Git OSS-um

Solution

Solution Overview

Our solution is a web application that assists newcomers to open source software. The three features that we have implemented to assist newcomers is to display simple, easy to understand visualizations and statistics that do not overload our users with information, gauging the activity of repositories, and show users the acceptance rate of submitted contributions. The technologies we have used will be detailed below.

Technologies

In order to accomplish our mission in assisting newcomers find GitHub projects that best suit their needs, Git OSS-um must overcome the following challenges with our selected technologies of Python, Django, Celery, RabbitMQ, MongoDB, Plotly, and Digital Ocean...
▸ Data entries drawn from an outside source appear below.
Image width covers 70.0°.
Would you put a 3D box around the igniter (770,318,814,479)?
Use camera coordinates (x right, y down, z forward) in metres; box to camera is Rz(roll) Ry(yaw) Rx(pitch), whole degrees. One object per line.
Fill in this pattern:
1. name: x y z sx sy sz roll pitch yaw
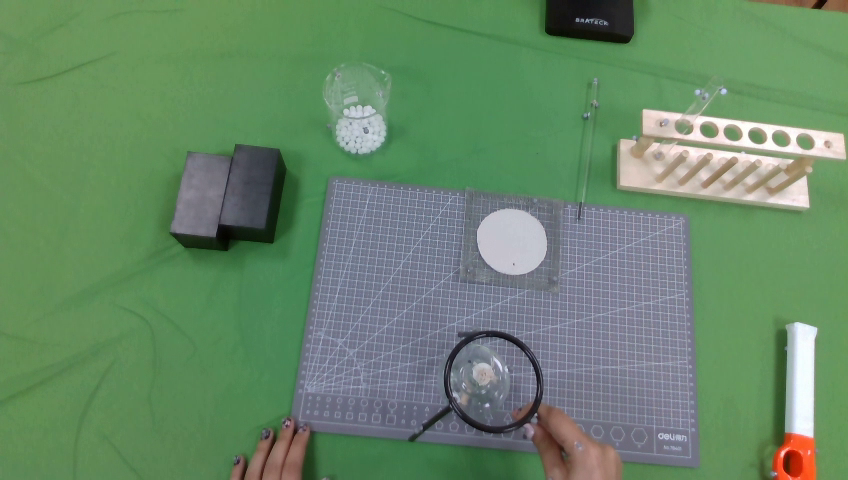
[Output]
1. igniter: 0.412 0.223 0.672 0.057 0.025 0.275 16 72 -9

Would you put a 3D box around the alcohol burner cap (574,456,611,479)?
1. alcohol burner cap: 0.181 0.246 0.642 0.034 0.048 0.033 1 71 -2

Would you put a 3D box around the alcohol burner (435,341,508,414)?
1. alcohol burner: 0.052 0.140 0.627 0.078 0.119 0.077 2 70 -5

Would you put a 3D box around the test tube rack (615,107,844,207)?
1. test tube rack: 0.367 -0.099 0.742 0.242 0.085 0.066 6 71 -1

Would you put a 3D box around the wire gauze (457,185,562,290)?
1. wire gauze: 0.104 -0.006 0.733 0.125 0.011 0.120 7 71 0

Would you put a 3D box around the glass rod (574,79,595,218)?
1. glass rod: 0.207 -0.120 0.777 0.008 0.008 0.198 11 73 0

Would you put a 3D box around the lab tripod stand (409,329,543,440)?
1. lab tripod stand: 0.051 0.142 0.589 0.148 0.132 0.147 3 66 -6

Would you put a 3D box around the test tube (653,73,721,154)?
1. test tube: 0.299 -0.141 0.699 0.017 0.151 0.017 1 68 -2

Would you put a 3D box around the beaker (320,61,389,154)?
1. beaker: -0.079 -0.155 0.723 0.084 0.101 0.073 -32 77 -13
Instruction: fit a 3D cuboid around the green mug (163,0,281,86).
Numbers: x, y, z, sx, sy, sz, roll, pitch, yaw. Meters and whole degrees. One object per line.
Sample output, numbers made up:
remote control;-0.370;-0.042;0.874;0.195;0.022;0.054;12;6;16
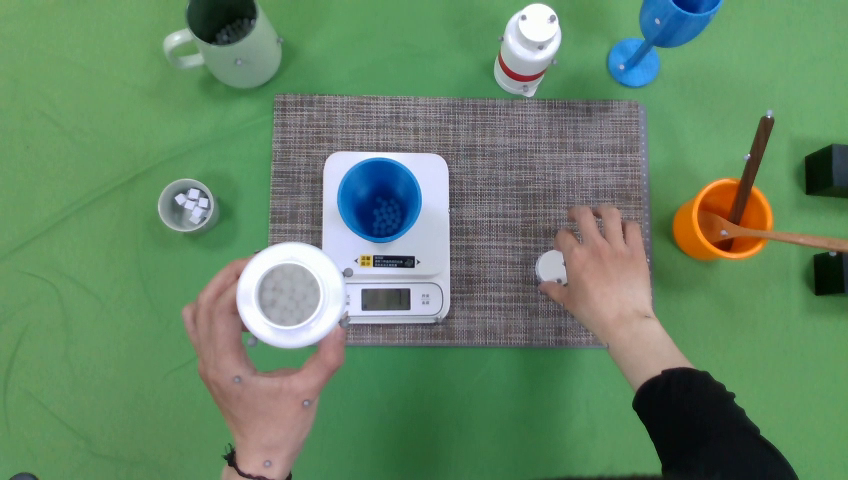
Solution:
green mug;-0.234;-0.229;0.695;0.125;0.105;0.092;-22;84;-4

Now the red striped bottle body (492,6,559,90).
red striped bottle body;0.117;-0.225;0.700;0.063;0.120;0.063;0;82;-2

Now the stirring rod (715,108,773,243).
stirring rod;0.353;-0.065;0.673;0.014;0.178;0.006;7;41;12

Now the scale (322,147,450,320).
scale;-0.044;-0.009;0.705;0.149;0.031;0.200;0;83;-2

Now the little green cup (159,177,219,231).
little green cup;-0.268;-0.039;0.701;0.061;0.039;0.061;1;82;-3

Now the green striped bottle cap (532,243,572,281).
green striped bottle cap;0.151;0.026;0.714;0.044;0.020;0.044;1;86;-10

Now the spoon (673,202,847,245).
spoon;0.372;-0.013;0.667;0.022;0.192;0.041;15;89;-43

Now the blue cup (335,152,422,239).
blue cup;-0.046;-0.039;0.643;0.093;0.100;0.092;0;84;-3

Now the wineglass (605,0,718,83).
wineglass;0.263;-0.242;0.680;0.074;0.172;0.073;0;82;-1

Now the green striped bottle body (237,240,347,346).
green striped bottle body;-0.081;0.033;0.387;0.063;0.119;0.063;1;86;-7

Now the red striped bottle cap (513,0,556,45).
red striped bottle cap;0.118;-0.232;0.647;0.044;0.018;0.044;0;80;-2

What information is important to mine?

We will be mining data for repository statistics as a whole, as well as statistics on the pull requests submitted within a repository. Those data points for each category are as follows:

Repository Data

  • Repo Name
  • Description
  • Created Date
  • Last Updated Date
  • Clone URL
  • Homepage
  • Stargazers Count
  • Language
  • Has a Wiki or Not
  • License Key
  • Lincense Name
  • Number of Open Issues
  • Number of Forks
  • Number of Watchers

Pull Request (PR) Data

  • PR Number
  • State
  • Title
  • User Who Submitted
  • PR Body
  • Date Created
  • Date Closed
  • Date Merged
  • Labels
  • Author Association
  • Merged or Not
  • Merged By
  • Comments
  • Review Comments
  • Commits
  • Additions
  • Deletions
  • Changed Files

How is information mined from GitHub? Python, RabbitMQ, Celery

We are using the Python programming language as the backbone for our product as it has many capabilities with other frameworks, including Plotly and Django. Python is used to mine the data straight from GitHub using the GitHub API and the PyGithub framework for a more convenient method of mining data. We have used the RabbitMQ and Celery frameworks to be used for asynchronous mining of data and updating the repositories we have in our database.
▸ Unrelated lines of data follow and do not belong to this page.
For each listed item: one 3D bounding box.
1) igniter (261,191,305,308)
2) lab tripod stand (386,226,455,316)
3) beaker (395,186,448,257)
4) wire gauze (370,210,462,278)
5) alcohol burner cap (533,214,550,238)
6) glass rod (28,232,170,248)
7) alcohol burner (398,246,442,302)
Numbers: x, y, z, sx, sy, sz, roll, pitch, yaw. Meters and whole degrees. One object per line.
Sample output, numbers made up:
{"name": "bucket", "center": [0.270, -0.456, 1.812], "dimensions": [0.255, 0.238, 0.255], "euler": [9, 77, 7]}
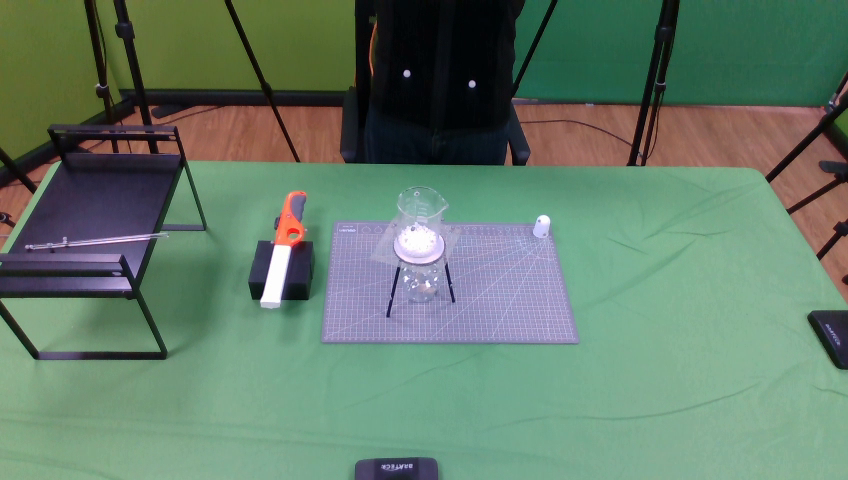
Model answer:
{"name": "igniter", "center": [-0.255, 0.007, 1.104], "dimensions": [0.057, 0.025, 0.275], "euler": [5, 47, -4]}
{"name": "lab tripod stand", "center": [-0.013, 0.054, 1.064], "dimensions": [0.148, 0.132, 0.147], "euler": [2, 48, -2]}
{"name": "beaker", "center": [-0.007, -0.027, 0.984], "dimensions": [0.084, 0.101, 0.073], "euler": [1, 48, -4]}
{"name": "wire gauze", "center": [-0.012, 0.007, 1.019], "dimensions": [0.121, 0.011, 0.124], "euler": [16, 51, 13]}
{"name": "alcohol burner cap", "center": [0.241, -0.031, 1.228], "dimensions": [0.034, 0.048, 0.033], "euler": [1, 46, -1]}
{"name": "glass rod", "center": [-0.491, -0.001, 0.919], "dimensions": [0.200, 0.008, 0.008], "euler": [-5, 47, -10]}
{"name": "alcohol burner", "center": [-0.006, 0.055, 1.078], "dimensions": [0.078, 0.119, 0.077], "euler": [3, 44, -3]}

How is information being stored? MongoDB

Considering our application is responsible for mining a great deal of data, it is essential that the information we gather be stored in a way that is accessible. Because of this, we are using the document-oriented database, MongoDB. Our MongoDB database is linked directly to our application through our Django front-end to display mined repositories and is also linked to our mining scripts so that new repository data can be stored in our database.

How is the information being analyzed? Plotly

With an understanding of what information is essential for our team to collect and display, we have decided to use the Plotly framework to visualize and represent our data. Plotly will represent the data that we have mined in a simple manner where users can study the data and make their own conclusion. We have also implemented a table that holds raw data that users can look over as well.
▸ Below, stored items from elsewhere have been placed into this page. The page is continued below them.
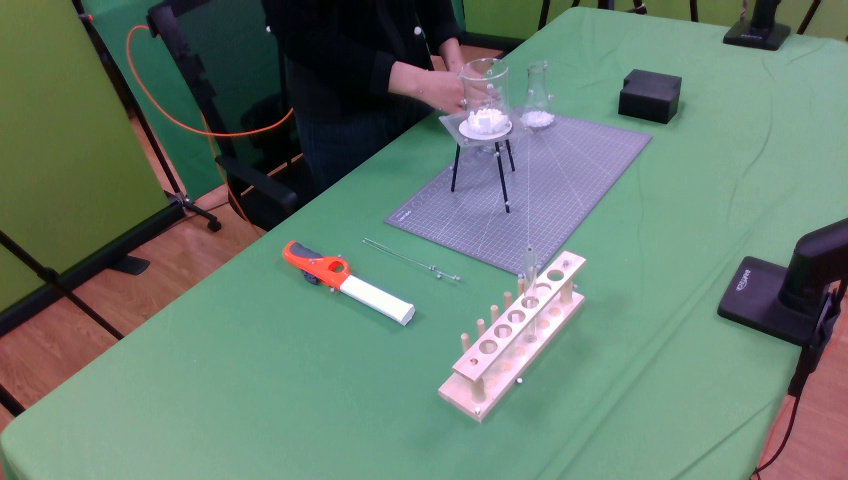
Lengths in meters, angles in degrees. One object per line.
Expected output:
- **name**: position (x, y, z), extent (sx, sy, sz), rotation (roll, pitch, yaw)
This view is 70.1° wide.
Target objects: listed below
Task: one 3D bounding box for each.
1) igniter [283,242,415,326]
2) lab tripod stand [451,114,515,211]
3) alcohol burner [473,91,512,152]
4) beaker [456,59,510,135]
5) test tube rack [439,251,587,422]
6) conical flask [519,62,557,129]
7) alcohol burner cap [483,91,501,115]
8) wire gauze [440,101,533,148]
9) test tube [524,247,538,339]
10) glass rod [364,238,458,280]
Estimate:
- **igniter**: position (-0.126, 0.062, 0.931), extent (0.274, 0.025, 0.057), rotation (24, 61, 33)
- **lab tripod stand**: position (0.113, -0.140, 1.037), extent (0.148, 0.132, 0.147), rotation (-6, 38, 5)
- **alcohol burner**: position (0.132, -0.229, 1.154), extent (0.078, 0.119, 0.077), rotation (-5, 38, 4)
- **beaker**: position (0.098, -0.226, 0.964), extent (0.084, 0.101, 0.073), rotation (-7, 39, 4)
- **test tube rack**: position (0.118, 0.111, 0.780), extent (0.066, 0.085, 0.243), rotation (26, 51, 35)
- **conical flask**: position (0.225, -0.288, 1.198), extent (0.075, 0.122, 0.075), rotation (-6, 40, 5)
- **alcohol burner cap**: position (0.128, -0.256, 1.130), extent (0.034, 0.048, 0.033), rotation (-3, 46, 3)
- **wire gauze**: position (0.100, -0.189, 0.995), extent (0.125, 0.011, 0.120), rotation (-16, 37, -6)
- **test tube**: position (0.133, 0.070, 0.749), extent (0.017, 0.151, 0.017), rotation (-5, 38, 4)
- **glass rod**: position (-0.026, 0.029, 0.966), extent (0.198, 0.008, 0.008), rotation (22, 49, 35)
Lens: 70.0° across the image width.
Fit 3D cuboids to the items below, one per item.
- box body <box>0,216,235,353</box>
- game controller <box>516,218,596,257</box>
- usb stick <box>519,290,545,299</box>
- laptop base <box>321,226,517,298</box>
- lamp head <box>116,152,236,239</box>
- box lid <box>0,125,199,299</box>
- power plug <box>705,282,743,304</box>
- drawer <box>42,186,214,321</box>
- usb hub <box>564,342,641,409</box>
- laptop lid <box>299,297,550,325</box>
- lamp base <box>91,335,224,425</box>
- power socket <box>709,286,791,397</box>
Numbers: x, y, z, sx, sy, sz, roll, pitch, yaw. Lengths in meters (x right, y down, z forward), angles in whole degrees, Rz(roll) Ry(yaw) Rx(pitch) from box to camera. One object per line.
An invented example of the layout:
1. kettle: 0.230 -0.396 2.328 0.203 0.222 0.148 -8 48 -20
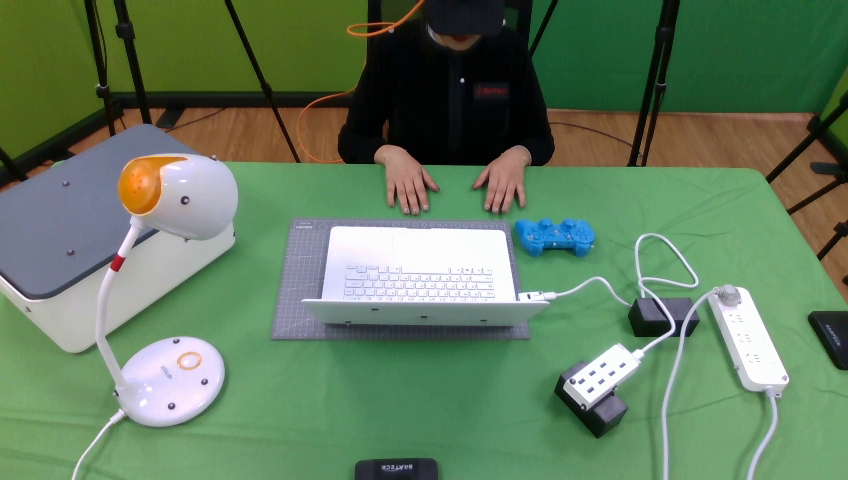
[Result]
1. box body: -0.550 -0.007 1.068 0.253 0.161 0.363 30 51 23
2. game controller: 0.267 -0.015 1.212 0.155 0.052 0.096 0 50 -3
3. usb stick: 0.186 0.108 1.086 0.059 0.027 0.021 -7 47 1
4. laptop base: -0.010 0.062 1.137 0.354 0.023 0.234 1 42 -3
5. lamp head: -0.315 -0.057 0.747 0.112 0.112 0.123 26 10 20
6. box lid: -0.540 -0.068 1.016 0.262 0.015 0.371 30 51 23
7. power plug: 0.539 0.097 1.098 0.072 0.053 0.035 8 47 8
8. drawer: -0.529 0.018 1.097 0.194 0.073 0.211 29 53 20
9. usb hub: 0.278 0.208 0.942 0.125 0.025 0.049 -27 52 -28
10. laptop lid: -0.002 0.114 0.943 0.357 0.242 0.013 1 74 -4
11. lamp base: -0.401 0.170 0.892 0.160 0.181 0.179 30 53 23
12. power socket: 0.568 0.167 1.064 0.072 0.033 0.225 2 46 -1

How is the information being presented to the user? Plotly Interactive Graphics

As described above, we will be using the Plotly framework to visualize and represent our data. Our graphics are capable of interactive visualizations that allow users to hover over specific parts of the graph to view the data in more depth. Users have the ability to adjust the graphs as well, to examine that area more in depth.

How is this application accessible? Digital Ocean

Our server space is a Linux-based, Digital Ocean server. We have one instance of the server where our back-end and front-end of our product will be represented at the same time. The Django framework will handle our front-end and some back-end as well along with some Python scripts. When a user views our product, They will see a representation of our database of our mined repositories along with HTML templates and forms for users to input information for signing up, logging in, and submitting a mining request.